« Sors si tu veux te battre! »
Maea, un ancien boxeur samoan, est devenu masseur de femmes enceintes. Quand sa fille enceinte vient chercher refuge chez lui, se mettant à l’abri d’un conjoint violent, Maea, déjà hanté par l’esprit d’une femme décédée, est tourmenté par l’idée de vengeance, alors même qu’il doit prendre soin de sa fille et de l’enfant à naître.
One Thousand Ropes, de Tusi Tamasese, est un drame psychologique dans lequel un père renoue avec sa plus jeune fille afin de retrouver la paix intérieure et de guérir ainsi une blessure commune qui les hante.

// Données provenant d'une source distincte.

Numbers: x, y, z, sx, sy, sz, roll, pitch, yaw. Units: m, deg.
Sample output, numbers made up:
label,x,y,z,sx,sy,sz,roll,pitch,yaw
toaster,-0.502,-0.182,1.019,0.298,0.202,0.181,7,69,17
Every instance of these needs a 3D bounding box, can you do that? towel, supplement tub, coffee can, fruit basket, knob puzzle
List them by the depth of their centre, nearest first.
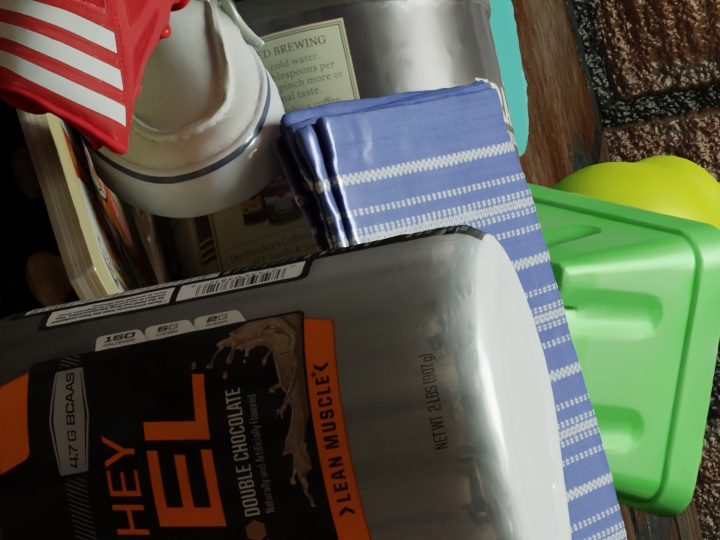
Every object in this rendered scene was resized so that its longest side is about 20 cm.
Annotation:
label,x,y,z,sx,sy,sz,roll,pitch,yaw
supplement tub,-0.043,0.063,0.899,0.122,0.199,0.123,-12,90,-79
towel,0.037,0.033,1.066,0.145,0.024,0.201,-15,90,-58
knob puzzle,-0.103,-0.013,1.085,0.220,0.030,0.221,-23,90,-89
coffee can,0.000,0.000,1.173,0.146,0.145,0.201,27,50,-76
fruit basket,0.098,0.020,1.400,0.216,0.214,0.157,-24,124,-79

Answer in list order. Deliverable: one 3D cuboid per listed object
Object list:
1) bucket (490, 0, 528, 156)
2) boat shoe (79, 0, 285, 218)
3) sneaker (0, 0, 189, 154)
label,x,y,z,sx,sy,sz,roll,pitch,yaw
bucket,0.000,-0.131,1.496,0.207,0.134,0.209,-12,90,-79
boat shoe,-0.084,-0.102,1.075,0.202,0.074,0.086,-116,-178,-52
sneaker,-0.076,-0.110,0.995,0.200,0.078,0.116,-27,136,-54
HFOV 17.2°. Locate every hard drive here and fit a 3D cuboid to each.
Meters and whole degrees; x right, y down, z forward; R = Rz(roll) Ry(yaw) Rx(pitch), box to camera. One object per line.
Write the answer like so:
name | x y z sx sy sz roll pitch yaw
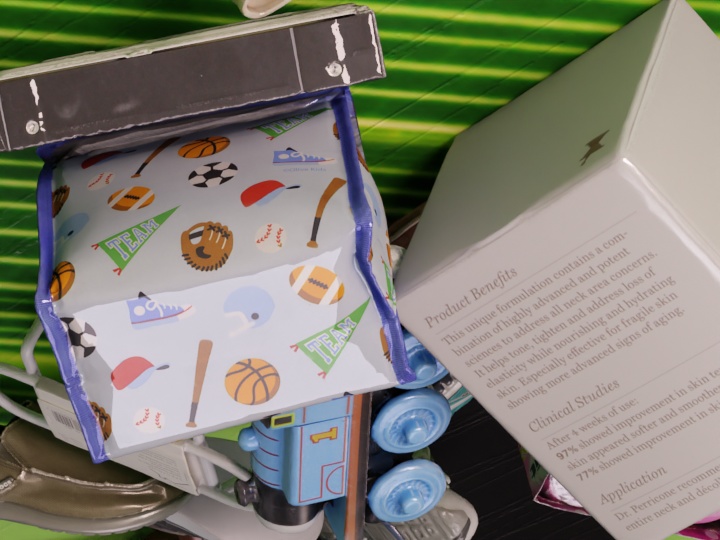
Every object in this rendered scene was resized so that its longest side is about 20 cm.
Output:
hard drive | -0.092 -0.091 1.123 0.200 0.038 0.140 -12 -173 -1

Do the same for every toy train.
toy train | -0.013 0.070 1.302 0.114 0.087 0.200 -10 134 -15

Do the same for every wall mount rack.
wall mount rack | -0.125 0.087 1.433 0.200 0.075 0.174 22 155 16

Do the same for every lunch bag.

Tout au long du film, deux questions nous restent en tête : qui est cette étrange femme qui se tapit dans le coin du salon de Maea; et cet homme est-il bon ou mauvais?
Oui, il y a une femme qui semble vivre dans le coin du salon de Maea. Bien que ce ne soit pas clair au début, cet être prend tout son sens quand on laisse l’histoire se mettre en place. Cette femme est un esprit sans corps. Ne vous en faites pas, il ne s’agit pas d’un « punch ». Avant les campagnes d’évangélisation menées par les Chrétiens en Nouvelle-Zélande, les Samoans croyaient en la réincarnation. Cette étrange femme est donc à la recherche d’un corps pour reprendre sa place sur cette terre. Et comme Maea prodigue des massages à des femmes enceintes, elle l’a choisi pour l’aider à trouver un nouveau corps, ou un utérus, comme elle le dit dans le film. Est-ce que le vieil homme a l’intention de donner à cette femme un nouveau corps? Elle ne l’a certainement pas choisi pour rien.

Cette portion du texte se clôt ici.